One thing that is striking about this administration is its gratuitous cruelty and anger. Its approach to immigration enforcement is an example where some of the most vulnerable amongst us are treated without any acknowledgement of their humanity. This may be part of a deliberate strategy to frighten would be illegal immigrants and, in that regard, it may be working but, even so, it speaks volumes about those who are devising and implementing it and their supporters. Empathy is completely missing as the targets of these actions are stripped of their humanity if only to isolate them from the sympathies of the broader American public. This is not a new or novel strategy. In fact, it is taken chapter and verse from the playbook of authoritarians throughout history as they mobilized majorities through fear of minorities, and it never ends well. History will judge it harshly but, in the meantime, millions will suffer and many will die.
So, two hundred and fifty years after The Declaration of Independence, the great American idea is at a crossroads. It is turning from an optimistic, outward looking society into one whose characteristics are fear and loathing of the “other”; distrust of science and learning; and isolationism, including turning away from its boundless and hopeful belief in the future. Ironically, this is caused by its own loss of self confidence as it changes into just another big power imposing its will on those who are weaker, all in the service of a short sighted, dark and ultimately self defeating view of its relationship to the world. And this, under the watch of a kleptocratic government whose first interests are never those of the people it governs except so far as is necessary to maintain popular support and power.

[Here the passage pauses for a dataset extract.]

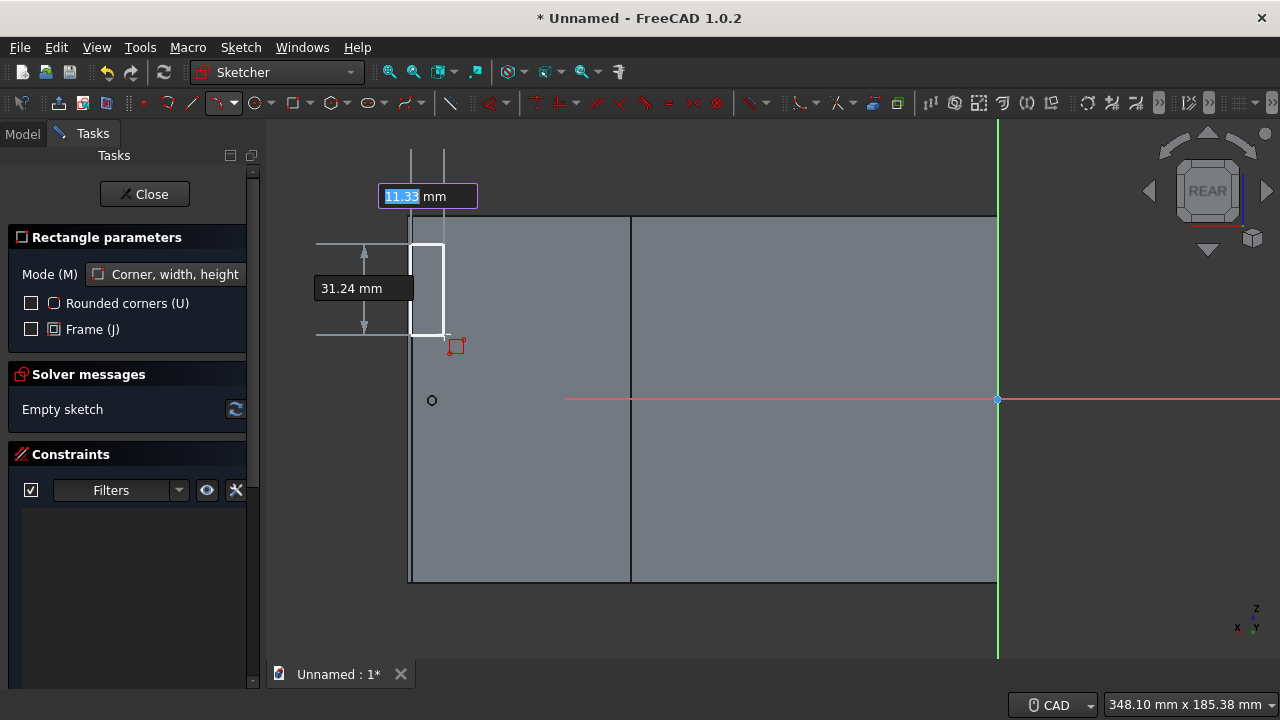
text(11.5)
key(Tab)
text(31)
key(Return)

America is in a very dark place right now and I don’t know if it’s possible for it to regain faith in itself, and to return to a world where it serves as an example for others. The damage may be irreversible even if the weight of corruption around the current administration finally drags it down. I don’t even know if America will be capable of holding fair and free elections in 2026 and 2028. But I do know it’s in the interests of everyone who cares about democracy, human rights, international stability and the continued progress towards a better, more humane and comfortable world that America pivots back to its role, no matter how hyperbolic, of being “a shining city on a hill”.